None of us are born thinking we are ordinary. Feeling special is an essential part of the human birthright. If you don't think you are special, you won't seek to contribute your gift to the world. But I meet people every day who seem content to throw away their days chasing money, watching TV, and accumulating as many possessions as possible. It's as if humans never evolved beyond the hunter-gatherer stage. We live in a culture where discussing the latest HBO series passes for stimulating dinner conversation. America has become a country of great contrasts: We're the wealthiest nation on earth and consume three-quarters of its antidepressants.
What happened to the feeling that we are special and the knowledge that special people don't waste their lives pursuing ordinary things?
Somewhere along the way that vital feeling of uniqueness died in us.
But it can be recaptured. What is needed is not another self-help book or personal empowerment seminar. We in the modern world do not suffer from a lack of motivation—most of us still get up in the morning and put in a full day's work. For the most part, we either are in a relationship or want to be in one. It's not that we're not trying to create a special life, but rather that we forgot what's important. We do not need a pep talk. We need a new vision of what truly matters, a new set of rules for how we should conduct our lives and to guide us in devoting our mental, intellectual, and emotional energies.
As a counselor, I have discovered that the principal cause of malaise is embracing the wrong values. Our culture never taught us what is truly precious, so we chased things that in the long run did not accord with our deepest desires.
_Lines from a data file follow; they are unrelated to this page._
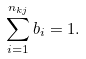Convert formula to latex. <formula><loc_0><loc_0><loc_500><loc_500>\sum _ { i = 1 } ^ { n _ { k j } } b _ { i } = 1 .</formula> 
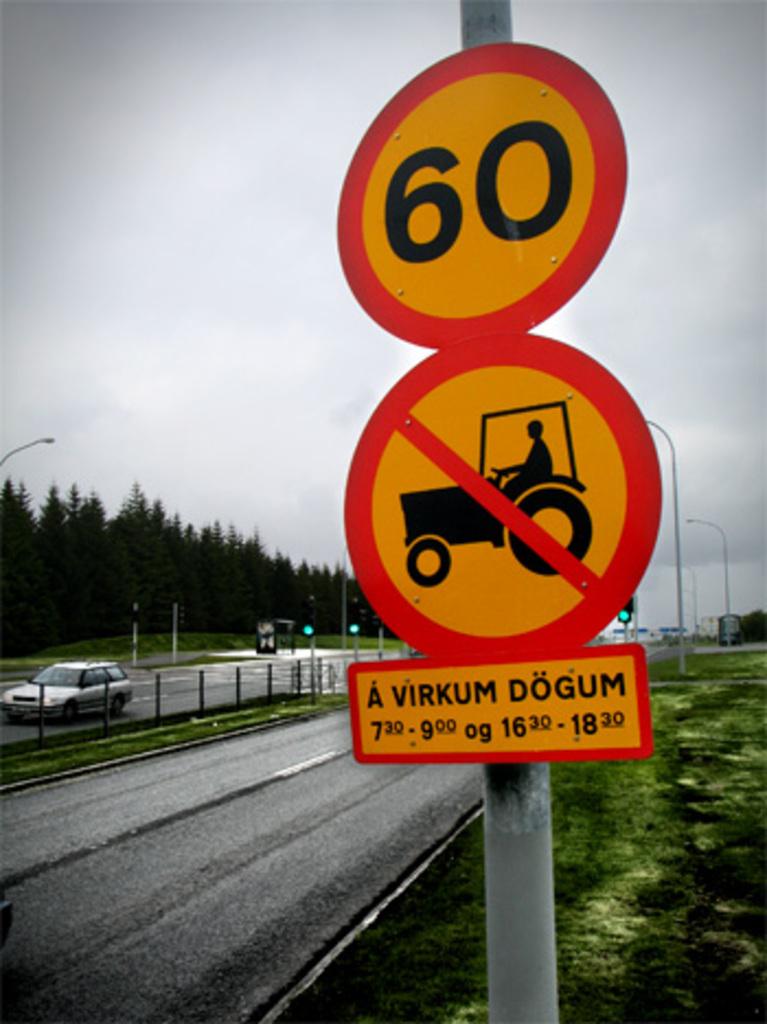How fast is this sign telling you to go?
Provide a short and direct response. 60. 
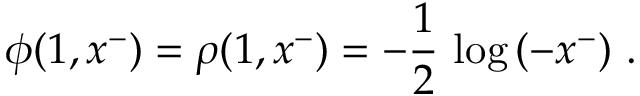Convert formula to latex. <formula><loc_0><loc_0><loc_500><loc_500>\phi ( 1 , x ^ { - } ) = \rho ( 1 , x ^ { - } ) = - { \frac { 1 } { 2 } } \, \log \, ( - x ^ { - } ) .</formula> 
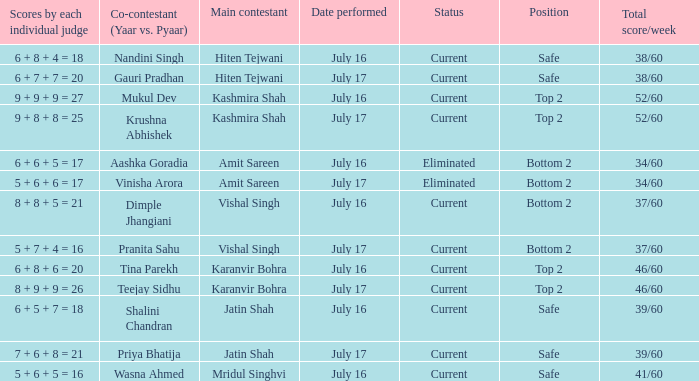What position did the team with the total score of 41/60 get? Safe. 
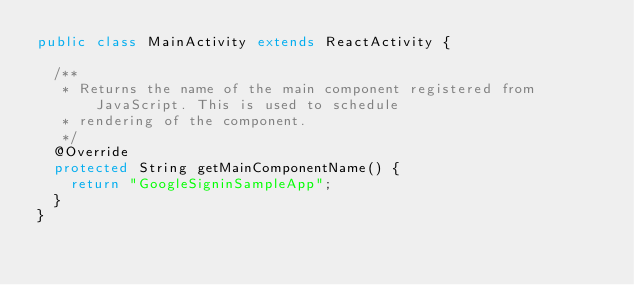<code> <loc_0><loc_0><loc_500><loc_500><_Java_>public class MainActivity extends ReactActivity {

  /**
   * Returns the name of the main component registered from JavaScript. This is used to schedule
   * rendering of the component.
   */
  @Override
  protected String getMainComponentName() {
    return "GoogleSigninSampleApp";
  }
}
</code> 
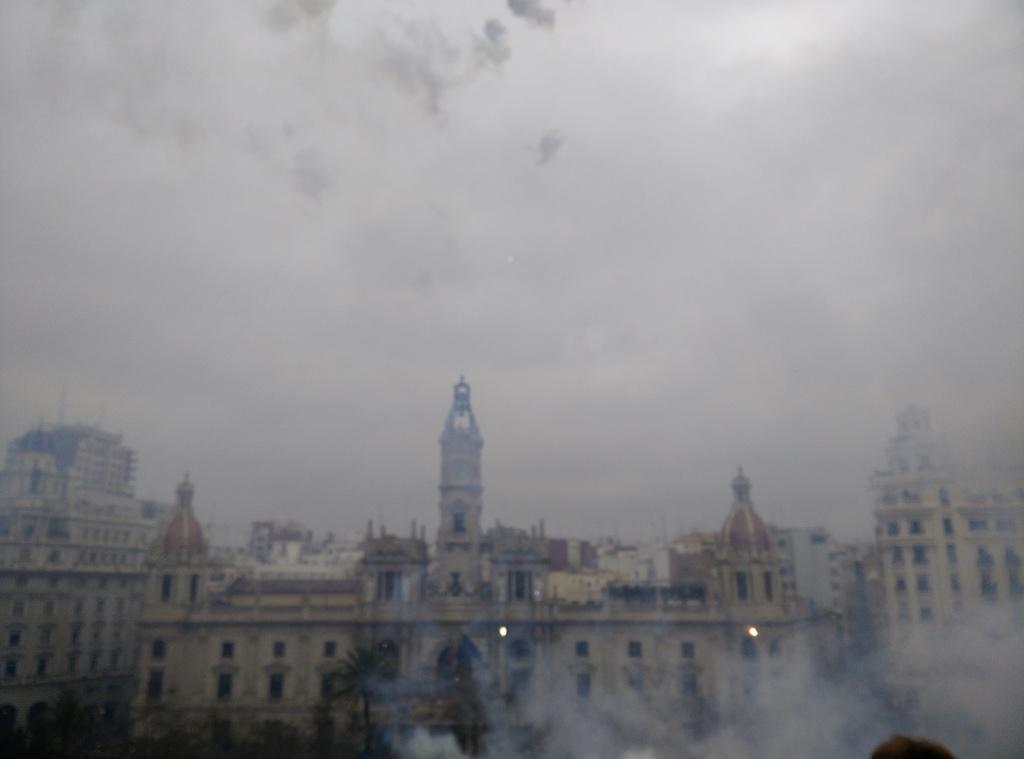What type of structures can be seen in the image? There are buildings in the image. What is visible in the background of the image? There is a sky visible in the background of the image. What type of key is used to unlock the approval process in the image? There is no key or approval process present in the image; it only features buildings and a sky. 
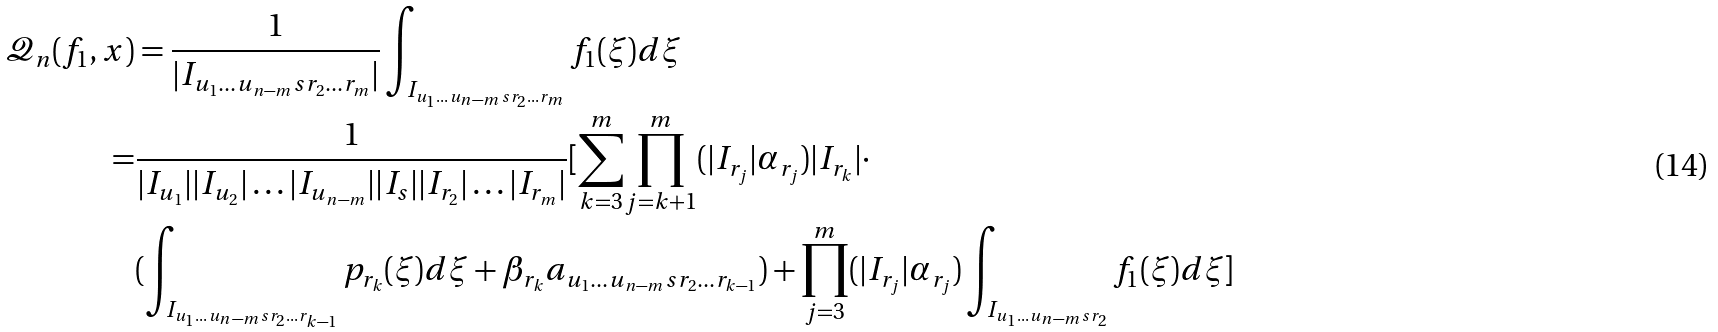<formula> <loc_0><loc_0><loc_500><loc_500>\mathcal { Q } _ { n } ( f _ { 1 } , x ) & = \frac { 1 } { | I _ { { u _ { 1 } } \dots { u _ { n - m } } s { r _ { 2 } } \dots { r _ { m } } } | } \int _ { I _ { { u _ { 1 } } \dots { u _ { n - m } } s { r _ { 2 } } \dots { r _ { m } } } } f _ { 1 } ( \xi ) d \xi \\ = & \frac { 1 } { { | I _ { u _ { 1 } } | | I _ { u _ { 2 } } | \dots | I _ { u _ { n - m } } | | I _ { s } | | I _ { r _ { 2 } } | \dots | I _ { r _ { m } } | } } [ \underset { k = 3 } { \overset { m } \sum } \underset { j = k + 1 } { \overset { m } \prod } ( | I _ { r _ { j } } | \alpha _ { r _ { j } } ) | I _ { r _ { k } } | \cdot \\ & ( \int _ { I _ { { u _ { 1 } } \dots { u _ { n - m } } s { r _ { 2 } } \dots { r _ { k - 1 } } } } p _ { r _ { k } } ( \xi ) d \xi + \beta _ { r _ { k } } a _ { { u _ { 1 } } \dots { u _ { n - m } } s { r _ { 2 } } \dots { r _ { k - 1 } } } ) + \underset { j = 3 } { \overset { m } \prod } ( | I _ { r _ { j } } | \alpha _ { r _ { j } } ) \int _ { I _ { { u _ { 1 } } \dots { u _ { n - m } } s { r _ { 2 } } } } f _ { 1 } ( \xi ) d \xi ]</formula> 
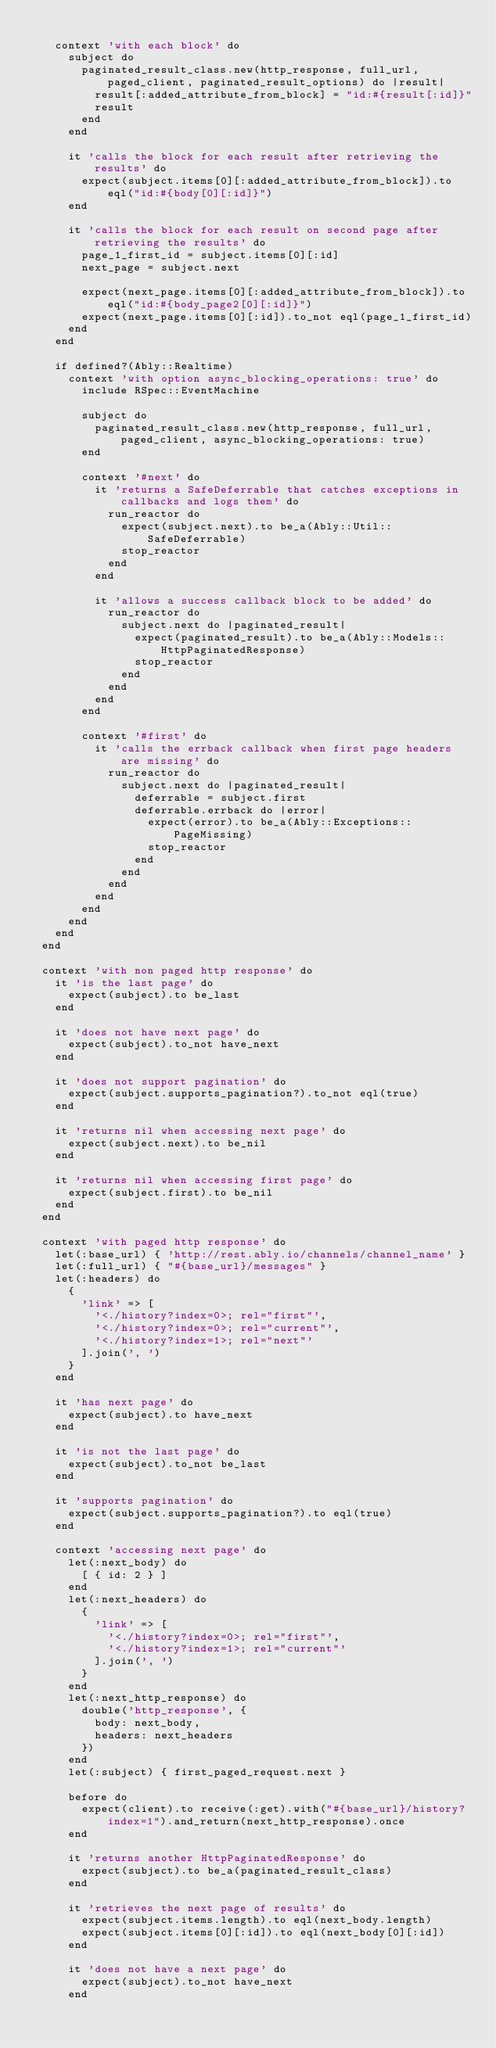<code> <loc_0><loc_0><loc_500><loc_500><_Ruby_>
    context 'with each block' do
      subject do
        paginated_result_class.new(http_response, full_url, paged_client, paginated_result_options) do |result|
          result[:added_attribute_from_block] = "id:#{result[:id]}"
          result
        end
      end

      it 'calls the block for each result after retrieving the results' do
        expect(subject.items[0][:added_attribute_from_block]).to eql("id:#{body[0][:id]}")
      end

      it 'calls the block for each result on second page after retrieving the results' do
        page_1_first_id = subject.items[0][:id]
        next_page = subject.next

        expect(next_page.items[0][:added_attribute_from_block]).to eql("id:#{body_page2[0][:id]}")
        expect(next_page.items[0][:id]).to_not eql(page_1_first_id)
      end
    end

    if defined?(Ably::Realtime)
      context 'with option async_blocking_operations: true' do
        include RSpec::EventMachine

        subject do
          paginated_result_class.new(http_response, full_url, paged_client, async_blocking_operations: true)
        end

        context '#next' do
          it 'returns a SafeDeferrable that catches exceptions in callbacks and logs them' do
            run_reactor do
              expect(subject.next).to be_a(Ably::Util::SafeDeferrable)
              stop_reactor
            end
          end

          it 'allows a success callback block to be added' do
            run_reactor do
              subject.next do |paginated_result|
                expect(paginated_result).to be_a(Ably::Models::HttpPaginatedResponse)
                stop_reactor
              end
            end
          end
        end

        context '#first' do
          it 'calls the errback callback when first page headers are missing' do
            run_reactor do
              subject.next do |paginated_result|
                deferrable = subject.first
                deferrable.errback do |error|
                  expect(error).to be_a(Ably::Exceptions::PageMissing)
                  stop_reactor
                end
              end
            end
          end
        end
      end
    end
  end

  context 'with non paged http response' do
    it 'is the last page' do
      expect(subject).to be_last
    end

    it 'does not have next page' do
      expect(subject).to_not have_next
    end

    it 'does not support pagination' do
      expect(subject.supports_pagination?).to_not eql(true)
    end

    it 'returns nil when accessing next page' do
      expect(subject.next).to be_nil
    end

    it 'returns nil when accessing first page' do
      expect(subject.first).to be_nil
    end
  end

  context 'with paged http response' do
    let(:base_url) { 'http://rest.ably.io/channels/channel_name' }
    let(:full_url) { "#{base_url}/messages" }
    let(:headers) do
      {
        'link' => [
          '<./history?index=0>; rel="first"',
          '<./history?index=0>; rel="current"',
          '<./history?index=1>; rel="next"'
        ].join(', ')
      }
    end

    it 'has next page' do
      expect(subject).to have_next
    end

    it 'is not the last page' do
      expect(subject).to_not be_last
    end

    it 'supports pagination' do
      expect(subject.supports_pagination?).to eql(true)
    end

    context 'accessing next page' do
      let(:next_body) do
        [ { id: 2 } ]
      end
      let(:next_headers) do
        {
          'link' => [
            '<./history?index=0>; rel="first"',
            '<./history?index=1>; rel="current"'
          ].join(', ')
        }
      end
      let(:next_http_response) do
        double('http_response', {
          body: next_body,
          headers: next_headers
        })
      end
      let(:subject) { first_paged_request.next }

      before do
        expect(client).to receive(:get).with("#{base_url}/history?index=1").and_return(next_http_response).once
      end

Just think about the disparity between how you expend your daily energies versus how you wish to be eulogized one day. Does anyone want their rabbi, minister, priest, or imam to get up in front of the crowd that's gathered and launch into a discussion of the size of the house you lived in, or the luxury detailing of your BMW? Does anyone imagine they'll be most fondly remembered for how thin they were, or how much they exercised? Are there any among us so shallow as to want our legacy to be how many partners we bedded? And if not, why does the pursuit of these things drive us to endless distraction?
If your time is spent pursuing what doesn't accord with your deepest desires, you are living a lie—a sin against G-d, who gave you life so you could consecrate your existence to higher things. It is time to renew, recalibrate, and reorient our lives to focus on what matters.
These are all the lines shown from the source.